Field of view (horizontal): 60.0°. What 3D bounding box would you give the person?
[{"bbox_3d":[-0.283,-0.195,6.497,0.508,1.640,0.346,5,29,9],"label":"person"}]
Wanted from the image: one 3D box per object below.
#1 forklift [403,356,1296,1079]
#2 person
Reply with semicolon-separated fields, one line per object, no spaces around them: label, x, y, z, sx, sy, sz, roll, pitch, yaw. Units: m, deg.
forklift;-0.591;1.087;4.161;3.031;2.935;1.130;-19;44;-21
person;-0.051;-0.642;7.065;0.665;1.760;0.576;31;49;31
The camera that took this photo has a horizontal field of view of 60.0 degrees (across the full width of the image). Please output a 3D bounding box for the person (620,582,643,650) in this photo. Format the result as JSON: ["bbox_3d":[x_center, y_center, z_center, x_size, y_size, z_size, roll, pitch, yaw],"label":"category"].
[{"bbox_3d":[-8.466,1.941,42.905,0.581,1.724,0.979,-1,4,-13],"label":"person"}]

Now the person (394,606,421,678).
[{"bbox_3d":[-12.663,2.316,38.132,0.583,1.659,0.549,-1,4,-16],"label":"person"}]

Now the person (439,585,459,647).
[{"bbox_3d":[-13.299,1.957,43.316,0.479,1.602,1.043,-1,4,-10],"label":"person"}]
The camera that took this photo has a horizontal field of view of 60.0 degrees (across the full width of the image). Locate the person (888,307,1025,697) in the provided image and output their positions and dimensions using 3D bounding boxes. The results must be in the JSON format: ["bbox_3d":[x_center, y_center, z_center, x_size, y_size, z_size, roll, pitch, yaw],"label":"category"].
....
■ **WORK ITEM**: Write the entries above out again. Match them exactly.

■ **FINAL ANSWER**:
Field of view (horizontal): 60.0°. What 3D bounding box would you give the person?
[{"bbox_3d":[-0.283,-0.195,6.497,0.508,1.640,0.346,5,29,9],"label":"person"}]
Wanted from the image: one 3D box per object below.
#1 forklift [403,356,1296,1079]
#2 person
Reply with semicolon-separated fields, one line per object, no spaces around them: label, x, y, z, sx, sy, sz, roll, pitch, yaw. Units: m, deg.
forklift;-0.591;1.087;4.161;3.031;2.935;1.130;-19;44;-21
person;-0.051;-0.642;7.065;0.665;1.760;0.576;31;49;31
The camera that took this photo has a horizontal field of view of 60.0 degrees (across the full width of the image). Please output a 3D bounding box for the person (620,582,643,650) in this photo. Format the result as JSON: ["bbox_3d":[x_center, y_center, z_center, x_size, y_size, z_size, roll, pitch, yaw],"label":"category"].
[{"bbox_3d":[-8.466,1.941,42.905,0.581,1.724,0.979,-1,4,-13],"label":"person"}]

Now the person (394,606,421,678).
[{"bbox_3d":[-12.663,2.316,38.132,0.583,1.659,0.549,-1,4,-16],"label":"person"}]

Now the person (439,585,459,647).
[{"bbox_3d":[-13.299,1.957,43.316,0.479,1.602,1.043,-1,4,-10],"label":"person"}]
The camera that took this photo has a horizontal field of view of 60.0 degrees (across the full width of the image). Locate the person (888,307,1025,697) in the provided image and output their positions and dimensions using 3D bounding boxes. The results must be in the JSON format: ["bbox_3d":[x_center, y_center, z_center, x_size, y_size, z_size, roll, pitch, yaw],"label":"category"].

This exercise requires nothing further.